**Work to complete:**
Lines that include the string "stroke" are the ones to copy from the entries below.

*** Record set ***

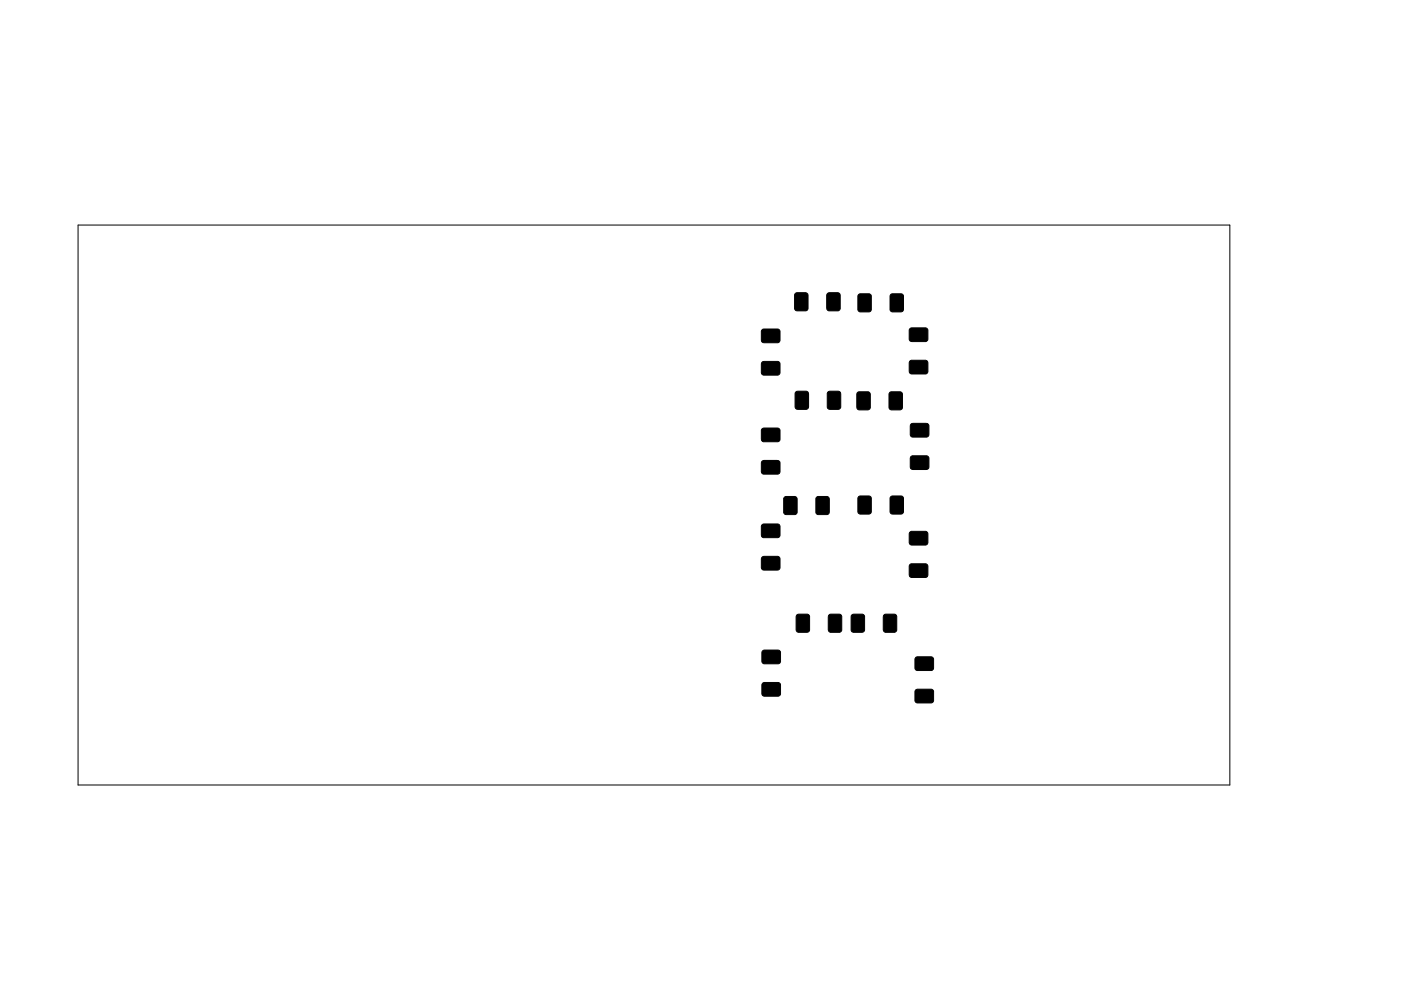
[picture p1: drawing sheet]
<svg xmlns="http://www.w3.org/2000/svg" width="297mm" height="210mm" viewBox="0 0 297 210" stroke-linecap="round" stroke-linejoin="round" font-family="sans-serif">
<path d="M16.6 47.7h244.2v118.8h-244.2z" fill="none" stroke="#000" stroke-width=".21"/>
<g fill="#000" stroke="#000" stroke-width=".21">
<path d="M161.6 70l.3-.2h2.9a.55 .55 0 0 1 .6 .6v1.8a.55 .55 0 0 1-.6 .5h-2.8a.55 .55 0 0 1-.6-.5v-1.9zM161.6 76.8l.3-.1h2.9a.55 .55 0 0 1 .6 .5v1.8a.55 .55 0 0 1-.6 .6h-2.8a.55 .55 0 0 1-.6-.6v-1.8zM168.6 62.3l.4-.2h1.8a.55 .55 0 0 1 .5 .6v2.7a.55 .55 0 0 1-.5 .6h-1.8a.55 .55 0 0 1-.5-.6v-2.8zM175.4 62.3l.4-.2h1.8a.55 .55 0 0 1 .5 .6v2.7a.55 .55 0 0 1-.5 .6h-1.8a.55 .55 0 0 1-.5-.6v-2.7zM182 62.5l.4-.2h1.8a.55 .55 0 0 1 .5 .6v2.7a.55 .55 0 0 1-.5 .6h-1.8a.55 .55 0 0 1-.5-.6v-2.8zM188.9 62.5l.3-.2h1.8a.55 .55 0 0 1 .6 .6v2.7a.55 .55 0 0 1-.6 .6h-1.7a.55 .55 0 0 1-.6-.6v-2.8zM192.9 69.7l.4-.1h2.9a.55 .55 0 0 1 .5 .5v1.8a.55 .55 0 0 1-.5 .6h-2.9a.55 .55 0 0 1-.5-.6v-1.8zM192.9 76.6l.4-.2h2.9a.55 .55 0 0 1 .5 .6v1.8a.55 .55 0 0 1-.5 .5h-2.9a.55 .55 0 0 1-.5-.5v-1.9zM161.6 91l.4-.2h2.8a.55 .55 0 0 1 .6 .6v1.8a.55 .55 0 0 1-.6 .5h-2.8a.55 .55 0 0 1-.6-.5v-1.9zM161.6 97.9l.4-.2h2.8a.55 .55 0 0 1 .6 .5v1.9a.55 .55 0 0 1-.6 .5h-2.8a.55 .55 0 0 1-.6-.5v-1.9zM168.7 83.2l.4-.2h1.8a.55 .55 0 0 1 .5 .6v2.7a.55 .55 0 0 1-.5 .6h-1.8a.55 .55 0 0 1-.5-.6v-2.8zM175.6 83.2l.3-.2h1.8a.55 .55 0 0 1 .6 .6v2.7a.55 .55 0 0 1-.6 .6h-1.8a.55 .55 0 0 1-.5-.6v-2.7z"/>
<path d="M181.8 83.3l.4-.2h1.8a.55 .55 0 0 1 .5 .6v2.7a.55 .55 0 0 1-.5 .6h-1.8a.55 .55 0 0 1-.5-.6v-2.7zM188.6 83.3l.4-.2h1.8a.55 .55 0 0 1 .5 .6v2.7a.55 .55 0 0 1-.5 .6h-1.8a.55 .55 0 0 1-.5-.6v-2.8zM193.2 90l.3-.2h2.9a.55 .55 0 0 1 .6 .6v1.8a.55 .55 0 0 1-.6 .5h-2.9a.55 .55 0 0 1-.5-.5v-1.9zM193.2 96.9l.3-.2h2.9a.55 .55 0 0 1 .6 .5v1.9a.55 .55 0 0 1-.6 .5h-2.9a.55 .55 0 0 1-.5-.5v-1.9zM161.6 111.3l.3-.1h2.9a.55 .55 0 0 1 .6 .5v1.8a.55 .55 0 0 1-.6 .6h-2.8a.55 .55 0 0 1-.6-.6v-1.8zM161.6 118.2l.4-.2h2.8a.55 .55 0 0 1 .6 .6v1.8a.55 .55 0 0 1-.6 .6h-2.8a.55 .55 0 0 1-.6-.6v-1.9zM166.3 105.5l.3-.2h1.9a.55 .55 0 0 1 .5 .6v2.7a.55 .55 0 0 1-.5 .6h-1.8a.55 .55 0 0 1-.5-.6v-2.7zM173.1 105.5l.4-.2h1.8a.55 .55 0 0 1 .5 .6v2.7a.55 .55 0 0 1-.5 .6h-1.8a.55 .55 0 0 1-.5-.6v-2.8zM182 105.4l.4-.2h1.8a.55 .55 0 0 1 .5 .6v2.7a.55 .55 0 0 1-.5 .6h-1.8a.55 .55 0 0 1-.5-.6v-2.8zM188.9 105.4l.3-.2h1.8a.55 .55 0 0 1 .6 .6v2.7a.55 .55 0 0 1-.6 .6h-1.7a.55 .55 0 0 1-.6-.6v-2.8zM192.9 112.9l.4-.2h2.9a.55 .55 0 0 1 .5 .6v1.8a.55 .55 0 0 1-.5 .5h-2.9a.55 .55 0 0 1-.5-.5v-1.9zM192.9 119.8l.4-.2h2.9a.55 .55 0 0 1 .5 .6v1.8a.55 .55 0 0 1-.5 .5h-2.9a.55 .55 0 0 1-.5-.5v-1.9z"/>
<path d="M161.7 138.1l.3-.2h2.9a.55 .55 0 0 1 .6 .6v1.8a.55 .55 0 0 1-.6 .5h-2.8a.55 .55 0 0 1-.6-.5v-1.9zM169 130.5l.3-.2h1.8a.55 .55 0 0 1 .6 .6v2.7a.55 .55 0 0 1-.6 .6h-1.8a.55 .55 0 0 1-.5-.6v-2.7zM175.8 130.5l.3-.2h1.8a.55 .55 0 0 1 .6 .6v2.7a.55 .55 0 0 1-.6 .6h-1.7a.55 .55 0 0 1-.6-.6v-2.8zM180.6 130.5l.3-.2h1.9a.55 .55 0 0 1 .5 .6v2.7a.55 .55 0 0 1-.5 .6h-1.8a.55 .55 0 0 1-.5-.6v-2.8zM187.4 130.5l.4-.2h1.8a.55 .55 0 0 1 .5 .6v2.7a.55 .55 0 0 1-.5 .6h-1.8a.55 .55 0 0 1-.5-.6v-2.7zM194.1 139.5l.4-.1h2.9a.55 .55 0 0 1 .5 .5v1.8a.55 .55 0 0 1-.5 .6h-2.9a.55 .55 0 0 1-.5-.6v-1.9zM161.7 145l.3-.2h2.9a.55 .55 0 0 1 .6 .5v1.9a.55 .55 0 0 1-.6 .5h-2.8a.55 .55 0 0 1-.6-.5v-1.9zM194.1 146.4l.4-.2h2.9a.55 .55 0 0 1 .5 .6v1.8a.55 .55 0 0 1-.5 .5h-2.9a.55 .55 0 0 1-.5-.5v-1.9z"/>
</g>
</svg>

*** End of Record set ***

**Completed exercise:**
<svg xmlns="http://www.w3.org/2000/svg" width="297mm" height="210mm" viewBox="0 0 297 210" stroke-linecap="round" stroke-linejoin="round" font-family="sans-serif">
<path d="M16.6 47.7h244.2v118.8h-244.2z" fill="none" stroke="#000" stroke-width=".21"/>
<g fill="#000" stroke="#000" stroke-width=".21">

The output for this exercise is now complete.